In recent years Fonterra has listed on the NZX and has differentiated between supplying shareholders (members) and external investors who are able to buy units on the NZX, the latter not being suppliers of milk and having no voting rights.
The cooperative business model is based on economic, social and environmental sustainability. Cooperatives, enduring and successful for decades and centuries, offer stable employment – at least 43,000 jobs in NZ. These jobs are critical to social and economic wellbeing.
Of Cooperative Business NZ’s (CBNZ) full members, 70% have been in business at least 25 years and three are 100 years old or more, including Fonterra (by way of its preceding co-ops) at 145 years. The dairy giant is NZ’s largest organisation by far, having succeeded for decades despite fluctuating market conditions, including its recent challenges from high global milk supply volumes, low commodity prices and over the past 12 months a strengthening NZD against the USD.
Fonterra’s endurance, and the ability of the dairy industry to ride through market downturns, is a reflection of the strength of the cooperative business model.
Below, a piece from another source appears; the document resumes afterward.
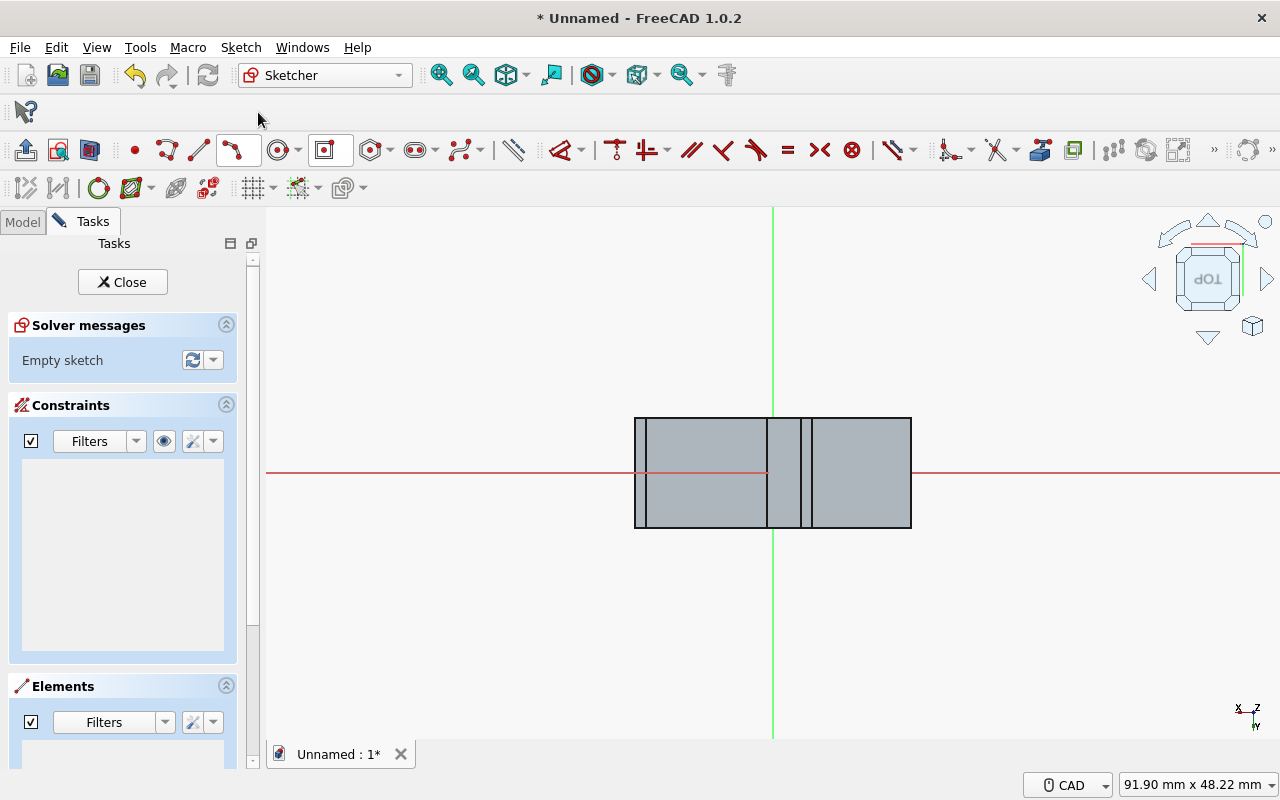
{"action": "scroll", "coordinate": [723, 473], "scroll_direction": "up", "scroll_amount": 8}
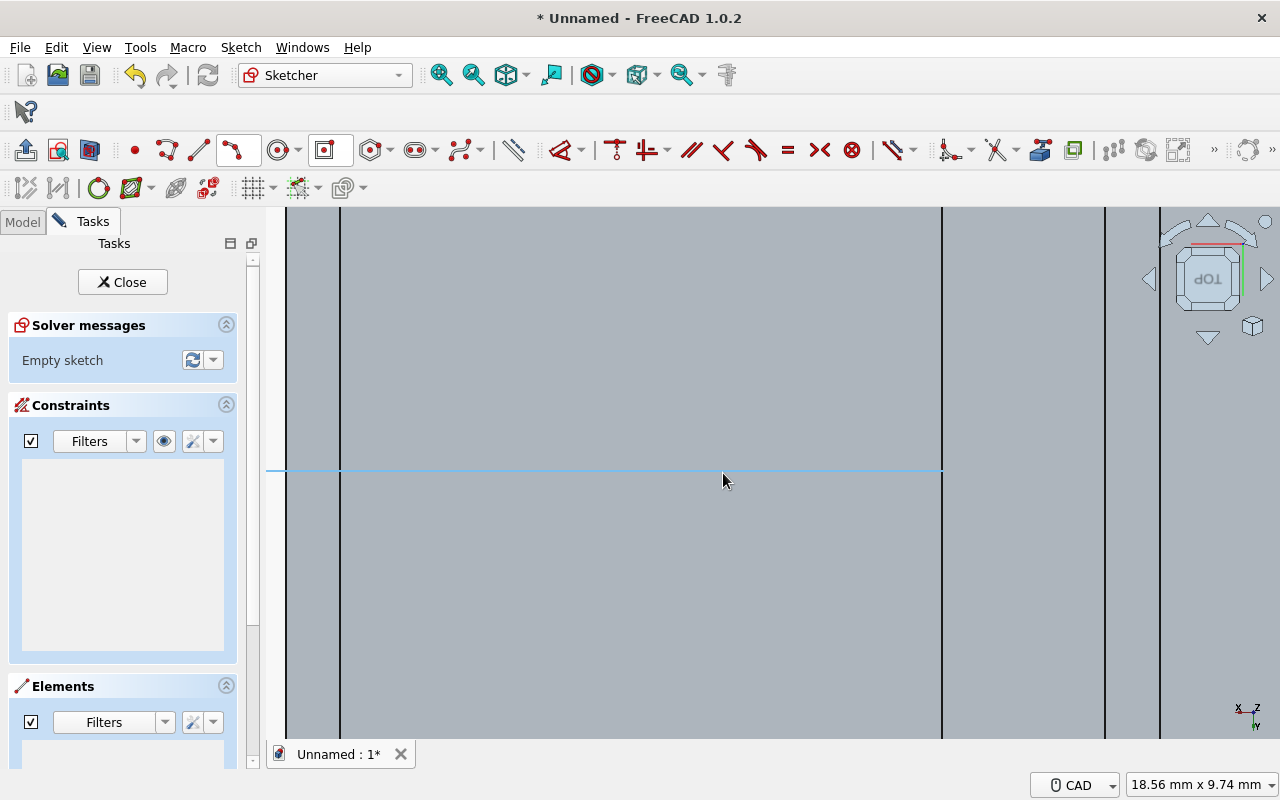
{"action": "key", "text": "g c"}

It would appear that light is now beginning to shine on the horizon with the rise in whole milk powder prices (a key indicator) to almost $US3000/tonne and Fonterra’s latest farmgate milk price forecast for 2016-17 to $4.75/kgMS solids, up from $3.90 paid in 2015-16, and $4.40 paid in 2014-15. (As a reflection of the strong variability that can eventuate year on year, a record $8.10 was paid in 2013-14.)
Cooperative organisations, large or small, are committed to serving their members by succeeding commercially while taking due note of the key cooperative principle: concern for community (social responsibility).
One only has to look at the quality of the top three nominations for our recent CBNZ to gain an understanding of how Kiwi co-operatives give back to local communities each year: Farmers Mutual Group with its Farmstrong scheme supporting farmers working through tough times, Foodstuffs South Island with its support for people struggling since the Canterbury earthquakes and supporting young people in education in the South Island, and Fonterra with its Milk in Schools scheme. These organisations care about their members, communities and NZ’ers.
Co-operatives have their own members (customers, clients, suppliers, staff, etc.) now totaling a least one billion globally. Here in NZ we have three cooperative financial institutions with 350,000 members (customers) between them, ie Co-op Money NZ, The Co-operative Bank and Rabobank. That’s almost 8% of all Kiwis. Members in the cooperative sector – suppliers, customers or staff – all benefit from the strength of the co-operative business model and its relative certainty.
NZ has the potential to lead the way globally in achieving all of the United Nations 17 sustainable development goals, however a key factor will be our willingness and ability to work co-operatively with each other. We need to work smarter.
• Craig Presland is the chief executive of Co-operative Business NZ.